How Republicans Are Trying to Sink Xavier Becerra’s HHS Nomination

Painting Becerra as a left-wing radical, the GOP is putting pressure on certain Dem senators to vote against the confirmation

With Neera Tanden withdrawing her nomination to head the Office of Management and Budget, the GOP is channeling its energy toward scuttling Xavier Becerra’s bid to become Health and Human Services secretary, focusing on his four years as California’s attorney general—and playing fast and loose with the actual facts of his tenure.

On Wednesday—the same day that the Senate Finance Committee deadlocked on a vote to advance Becerra’s nomination—conservative group Heritage Action announced a $500,000 campaign opposing Becerra and released two ads aimed at persuading centrist Democrats in Arizona and West Virginia to vote no on President Biden’s pick, The Hill reports.

The West Virginia ad frames the Becerra vote as “a big test for Joe Manchin,” who opposed Tanden’s nomination, with a narrator saying that Becerra “thinks guns are a health crisis and wants to ban them” and “is against coal,” claiming he “tried to ban it from California ports.”

As California’s top cop, Becerra did oversee the state’s Department of Justice in 2020 when it seized firearms, assault rifles, drugs, and thousands of rounds of ammunition as the result of ammunition background checks.
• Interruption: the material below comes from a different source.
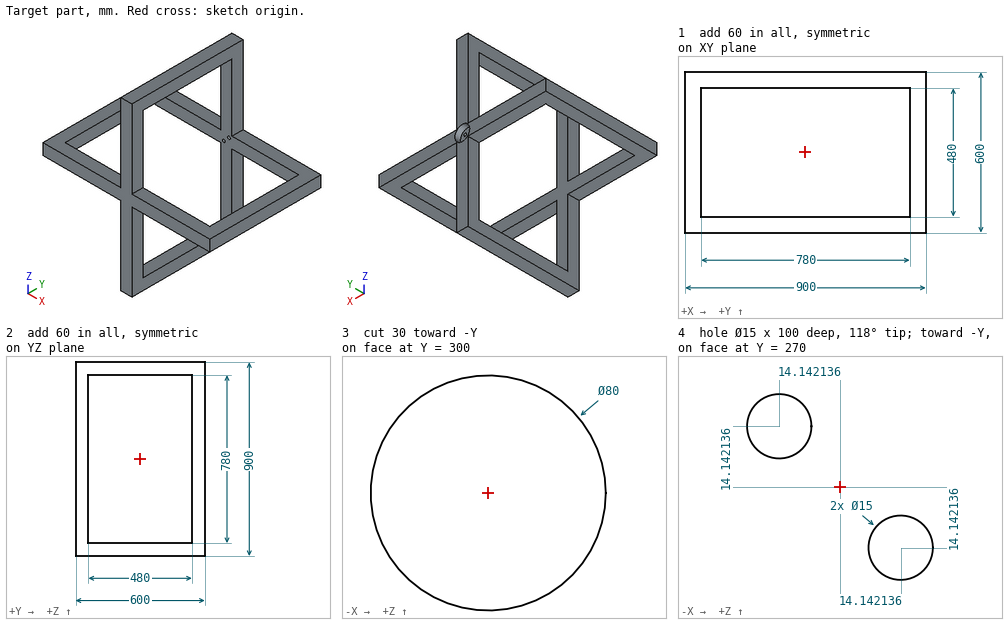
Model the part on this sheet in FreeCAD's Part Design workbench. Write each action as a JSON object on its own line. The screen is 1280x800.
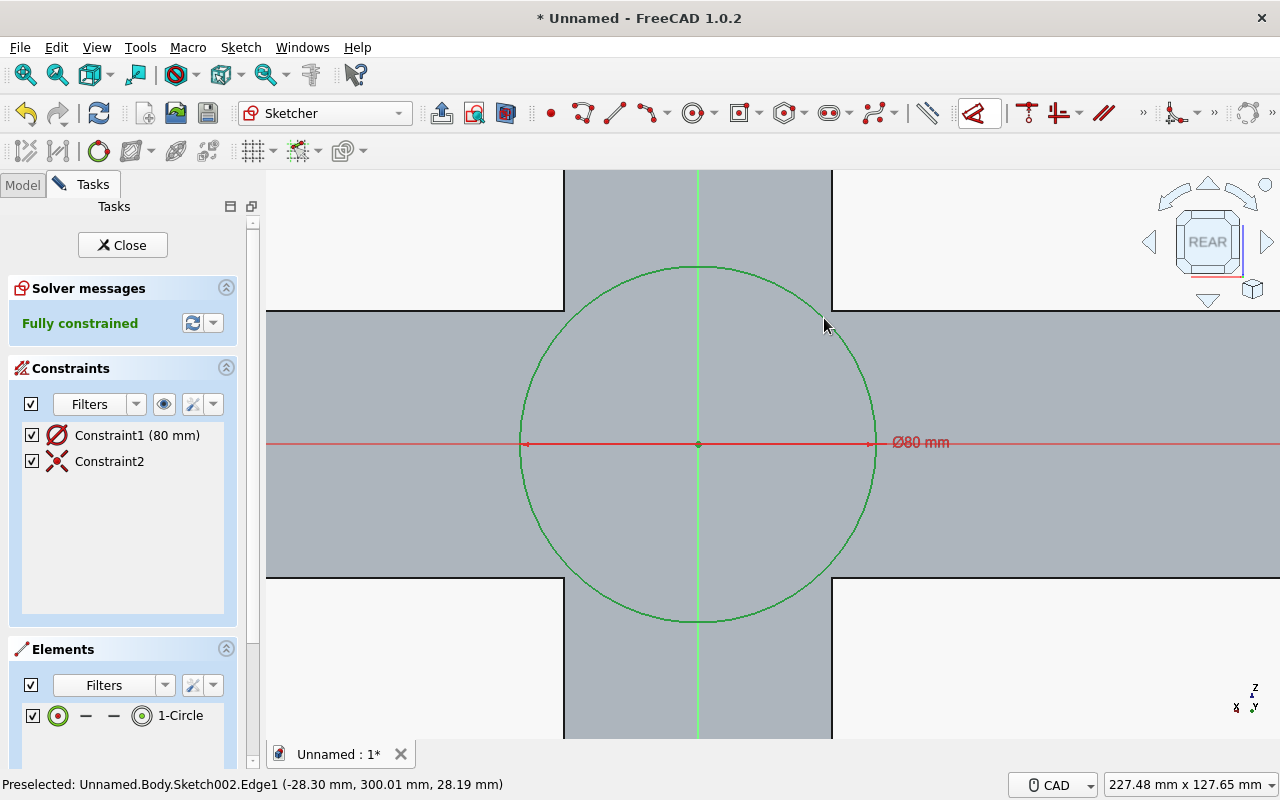
{"action": "left_click", "coordinate": [123, 245]}

Those background checks resulted from the passage of Proposition 63, a voter initiative that was overwhelmingly supported by Californians in 2016.

As for coal, Becerra joined 21 other states in 2019 to sue the Trump administration over its attempt to ease restrictions on coal-burning power plants, and in 2017 he filed suit against the U.S. Department of Interior to challenge its decision to allow coal leasing on public land. In 2018, Becerra sided with Oakland residents who didn’t want a developer transporting coal through a marine terminal that had been a military base.
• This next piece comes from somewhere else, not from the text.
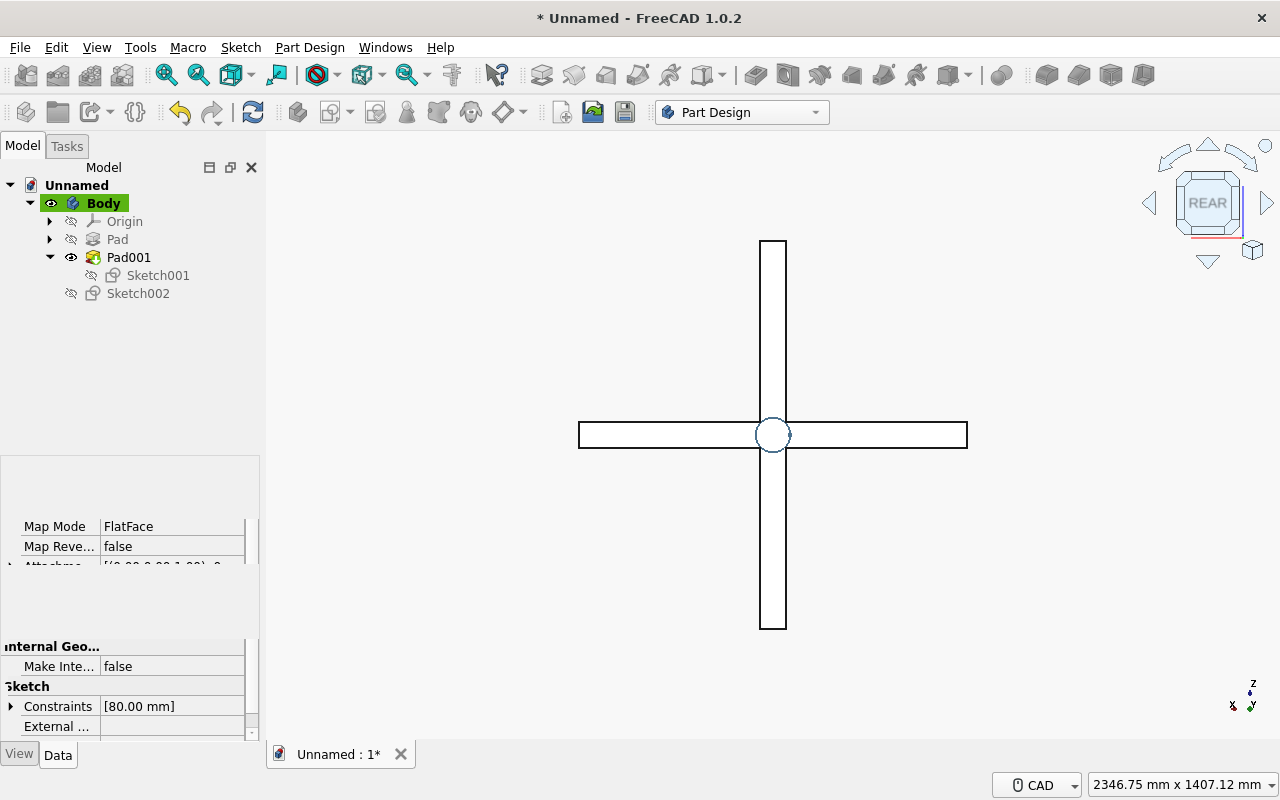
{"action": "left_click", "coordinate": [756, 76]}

The Arizona ad, aimed at Democratic Senators Kyrsten Sinema and Mark Kelly, opens with a narrator saying, “Our two Senators can stop one radical nominee,” adding, “Becerra has zero medical experience unless you count suing Catholic nuns, trying to force them to pay for abortions.”

This claim stems from another suit Becerra brought against the Trump administration, opposing efforts to expand religious exemptions for employers who don’t want their insurance plans to pay for contraception. Although Becerra initially made a case against the government, along the way a court allowed a group of nuns called the Little Sisters to intervene as defendants in the case.

As Becerra testified during his hearing last week, “I have never sued a nun—any nuns.”

Republicans are also going after Becerra’s record on the pandemic as well as his history of defending abortion rights.

Questioning Becerra during the Finance Committee hearing, Republican Senator John Thune of South Dakota said that as Attorney General Becerra “spent an inordinate amount of time and effort suing pro-life organizations.”

Thune then asked, “If confirmed, how do you assure us? Because I think the majority of the American people would not want their secretary of Health and Human Services focused or fixated on expanding abortion when we got all of these public health issues to deal with.”

“I understand that Americans have different deeply held beliefs on this particular issue,” Becerra answered. “It’s my job to defend the rights of my state.”

Defending the nominee, Oregon Democrat and Finance Committee Chair Ron Wyden said Republicans are using the pandemic “to peddle misleading or demonstrably false attacks.” He also pointed out that Becerra has promised to follow the law and science when it comes to women’s health.

“Folks have a constitutional right to say that’s a radical position,” Wyden said. “I don’t share that view.”

So far, the Biden administration still has Becerra’s back.

“We remain confidently behind the nomination,” White House press secretary Jen Psaki said Wednesday.